The final part demonstrates the improved structure. With thread IDs added via metadata, LangSmith shows distinct threads for distinct conversations. Each thread contains the correct sequence of traces (one per turn), and each trace can be inspected individually for the exact user message, the AI reply, token usage, and latency. This thread-aware observability is framed as essential for scaling beyond toy examples—especially when adding more complex capabilities like tools, racks, and MCP-style integrations—because it turns production debugging and performance analysis into a navigable dashboard rather than a log scavenger hunt.
Cornell Notes
LangSmith integration adds observability to LangGraph agents by capturing end-to-end traces for each chatbot turn. Once environment variables are set (including a LangSmith API key, endpoint, tracing enabled flag, and a project name), traces appear automatically in the LangSmith dashboard without changing the main code path. Each trace records the LangGraph node executed, the LLM model used (e.g., ChatOpenAI), the LLM input/output, token counts (input and output), and latency metrics (including first-token timing). To keep multiple conversations from mixing, traces should be grouped into separate LangSmith threads by passing a thread_id (or session_id/conversation_id) during invocation via configuration/metadata.

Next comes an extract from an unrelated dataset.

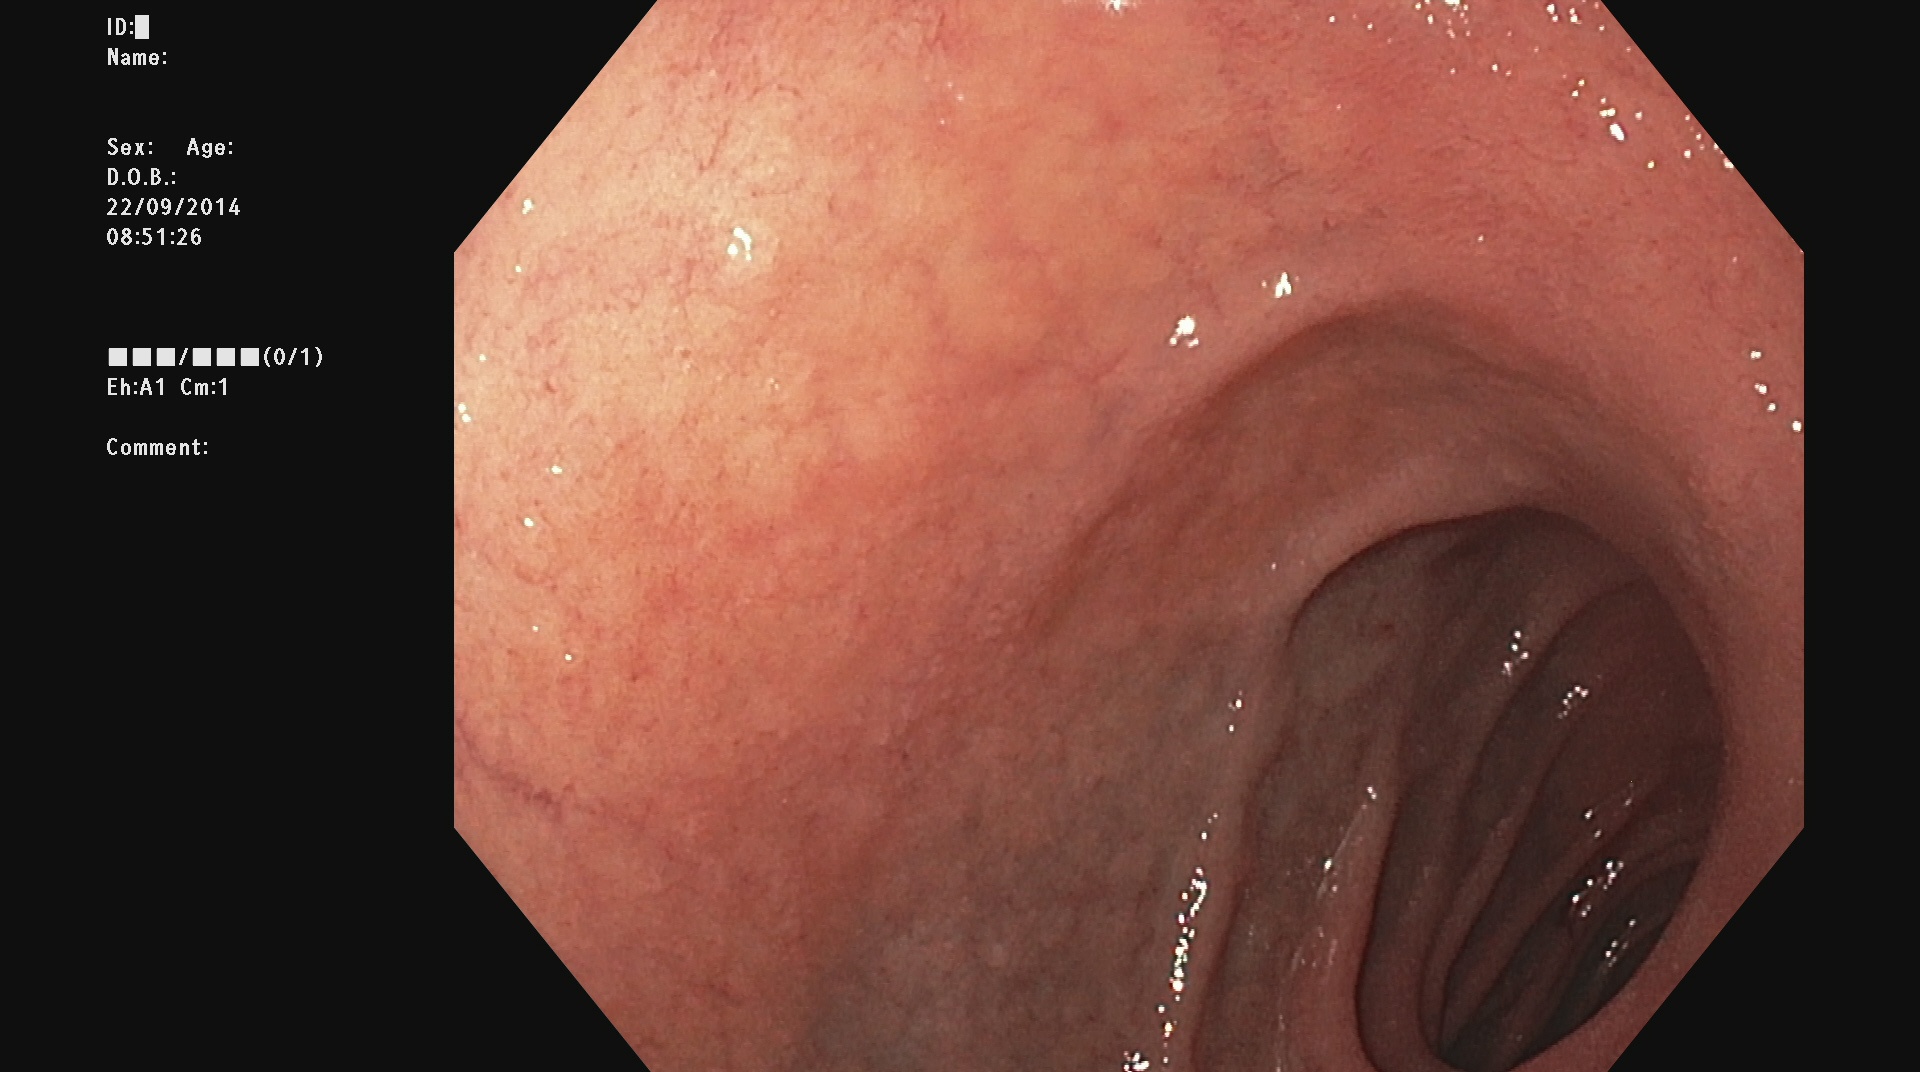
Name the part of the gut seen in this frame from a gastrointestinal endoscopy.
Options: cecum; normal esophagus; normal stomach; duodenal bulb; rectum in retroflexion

With thread IDs, each conversation becomes a clean thread containing its ordered turn-by-turn traces, making debugging and performance review far easier.
What does “observability” mean in this LangGraph + LangSmith setup, and what gets recorded for each turn?
How does the integration get turned on, and why doesn’t the main code need major changes?
Where do traces show up in LangSmith, and how are they organized at first?
Why can conversation “threads” feel mismanaged without thread IDs, and what’s the fix?
What code-level change is required to enable thread organization, and how does it affect the dashboard?
Review Questions
- What specific metrics and payload details does LangSmith display inside a single trace for a chatbot turn?
- How does passing a thread_id (or session_id/conversation_id) change how traces are grouped in LangSmith?
- Why is thread-aware observability important when scaling from single-turn tests to multi-conversation production usage?
Key Points
- 1
LangSmith observability for LangGraph captures end-to-end traces per chatbot turn, including LangGraph node execution, LLM input/output, token usage, and latency breakdowns.
- 2
Environment-variable setup (API key, endpoint, tracing enabled flag, and project name) enables automatic tracing without major changes to the main chatbot code path.
- 3
Each user message/AI response pair becomes a separate trace inside the configured LangSmith project, making turn-level inspection possible.
- 4
Without thread IDs, separate conversations can appear confusingly stored; adding thread grouping resolves this by separating conversations into distinct threads.
- 5
Passing a thread_id (or session_id/conversation_id) via invocation configuration/metadata is the key code change to organize traces correctly.
- 6
Adding metadata like a clearer run name improves dashboard readability by making traces easier to interpret as “chat turns.”